It should be understood that the infection can affect absolutely all organs and tissues of the human body, except for nails and hair. For this reason, the development of extrapulmonary tuberculosis is possible. Pulmonary tuberculosis is the most common, but the disease can also affect the bones, liver, kidneys, larynx, and even the eyes.

Tuberculosis classification

Tuberculosis is classified according to clinical forms, according to the characteristics of the process, according to residual effects after treatment. Types and forms are grouped according to various principles.

infiltrative

Infiltrative tuberculosis means the presence of inflammatory changes in the lungs. The manifestations of this disease depend on the prevalence and type of changes in the lungs. In most cases, infiltrative tuberculosis is recognized by X-ray examination. Basically, the disease occurs under the guise of other diseases. These include pneumonia, bronchitis. One of them is hemoptysis (in the general normal condition of the patient).

Disseminated

Disseminated tuberculosis is characterized by the presence of multiple foci in the lungs. At the same time, the patient has a general malaise, hyperthermia, wet and hemoptysis. To suspect the disease allow characteristic changes on radiographs.

Miliary

This is a disease that occurs with the formation of tuberculous tubercles in the lungs or other organs. In patients, miliary tuberculosis is observed in acute and chronic forms. The acute form is a severe disease of the whole organism. In the chronic form, there are periods of exacerbations and "calm".

Tuberculous pleurisy

Tuberculous pleurisy is an inflammation of the pleura that occurs against the background of tuberculosis of the lungs and other organs. This disease has three forms: acute, subacute and chronic.

In newly diagnosed patients with tuberculosis of the respiratory system, tuberculous pleurisy is diagnosed in 3-6 percent of cases. Pleurisy is diagnosed in 2-3 percent of patients. Most often, this disease is detected in children, adolescents and young people.

Cavernous

Cavernous pulmonary tuberculosis is a stage in the development of pulmonary tuberculosis, which proceeds with the formation of a thin-walled cavity - a cavity. Mostly adults are affected by this. In children, the formation of cavities is much less common. Cavernous tuberculosis develops approximately in the third or fourth month of ineffective tuberculosis treatment. Symptoms of the disease are a wet cough and hemoptysis.

Fibrous-cavernous

Fibrous-cavernous tuberculosis occurs as a result of the development of one of the forms of pulmonary tuberculosis. If the cavity does not have a tendency to scarring, then connective tissue grows around the cavity. Because of this, the deformation of the thin-walled cavity occurs, the cavity ages and the fibrous-cavernous stage of tuberculosis develops. In general, the process takes 1.5-3 years. Patients suffering from fibro-cavernous tuberculosis complain of poor health in the body, wet cough and shortness of breath. The state of health of patients is generally satisfactory. Body temperature before treatment is usually elevated. The disease is accompanied by sweating and pallor of the skin.

cirrhotic

With cirrhotic pulmonary tuberculosis, patients experience gross cicatricial changes in the lung parenchyma and pleura, which are combined with minimal inflammation activity.

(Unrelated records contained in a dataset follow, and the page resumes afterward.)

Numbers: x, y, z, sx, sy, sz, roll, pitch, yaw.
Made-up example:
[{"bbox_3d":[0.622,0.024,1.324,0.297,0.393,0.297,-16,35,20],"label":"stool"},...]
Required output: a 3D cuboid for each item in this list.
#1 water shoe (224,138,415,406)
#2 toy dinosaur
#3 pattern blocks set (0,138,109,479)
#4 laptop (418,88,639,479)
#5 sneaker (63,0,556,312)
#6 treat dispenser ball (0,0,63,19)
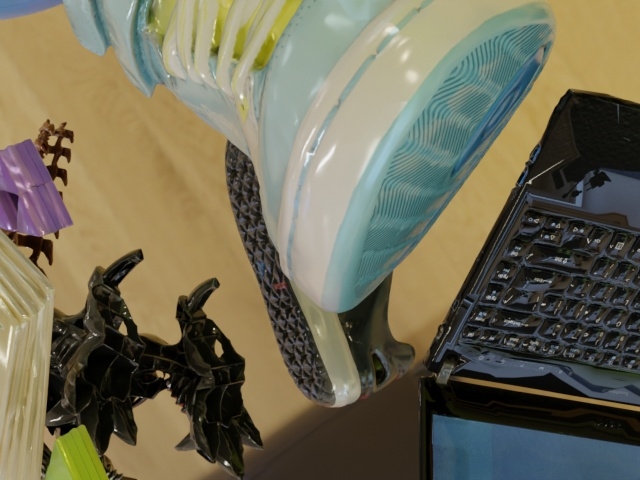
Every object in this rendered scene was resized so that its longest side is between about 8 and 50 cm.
[{"bbox_3d":[0.000,0.000,0.945,0.073,0.080,0.203,0,106,59],"label":"water shoe"},{"bbox_3d":[-0.178,0.089,0.932,0.218,0.164,0.322,-8,94,33],"label":"toy dinosaur"},{"bbox_3d":[-0.188,0.047,0.774,0.285,0.026,0.325,52,141,20],"label":"pattern blocks set"},{"bbox_3d":[0.182,0.090,0.752,0.264,0.234,0.136,-65,29,26],"label":"laptop"},{"bbox_3d":[-0.030,-0.084,0.561,0.208,0.319,0.127,38,92,3],"label":"sneaker"},{"bbox_3d":[-0.197,-0.262,0.816,0.288,0.288,0.288,13,114,31],"label":"treat dispenser ball"}]

The disease develops after other forms of tuberculosis. This variety is quite rare. In order for cirrhotic tuberculosis to form, a long period of untreated inflammation is necessary. It is important to understand that with advanced cases of this form of the disease, a fatal outcome is possible. The severity of manifestations of cirrhotic tuberculosis depends on the extent and localization of changes in the lungs. Symptoms are generally mild. Outside of exacerbation, there may be slight shortness of breath and occasional dry cough.

Focal

Focal pulmonary tuberculosis is a specific tuberculous lesion, which is characterized by the presence of small foci of inflammation in the lungs. Focal tuberculosis is often a secondary tuberculosis infection, and occurs several years after the primary disease has been cured. For this reason, most of the sick are just adults. Distinctive features of this lung disease are latency, limited area of ​​damage, non-destructive nature of inflammation.

In addition, with this disease there are no symptoms, so the disease can be detected mainly with preventive fluorography. Signs of the disease are fever, sleep disturbance, sweating. In some cases, there are also signs of hyperthyroidism: tachycardia, irritability appear. In women, there may be a change in the menstrual cycle.

Chronic

Chronic tuberculosis is observed in patients with a long course of the disease in the case when complex treatment does not give the expected results. With this disease, foci of infection appear in the lungs of a person. Patients are concerned about cough with sputum, subfebrile condition, night sweats, weakness. The danger of the disease lies in the fact that other human organs are also affected. Anemia develops, skin manifestations, inflammation in the urinary system are possible.

Extrapulmonary tuberculosis

Extrapulmonary tuberculosis is most often a secondary disease that occurs due to tuberculosis infection of the lungs. Extrapulmonary tuberculosis affects a variety of organs: the intestines, the central nervous system, the meninges, lymph nodes, bones, joints, the genitourinary system, the skin, and the eyes.

Tuberculosis of the central nervous system

Tuberculosis of the central nervous system begins slowly, the symptoms increase gradually. A person has a periodic headache, weakness in the body, drowsiness and reduced appetite. All this is observed several months before the main symptoms of the disease. The disease itself is characterized by severe headache, which is aggravated by noise, bright light. It is also accompanied by a mental disorder. There may be confusion or agitation.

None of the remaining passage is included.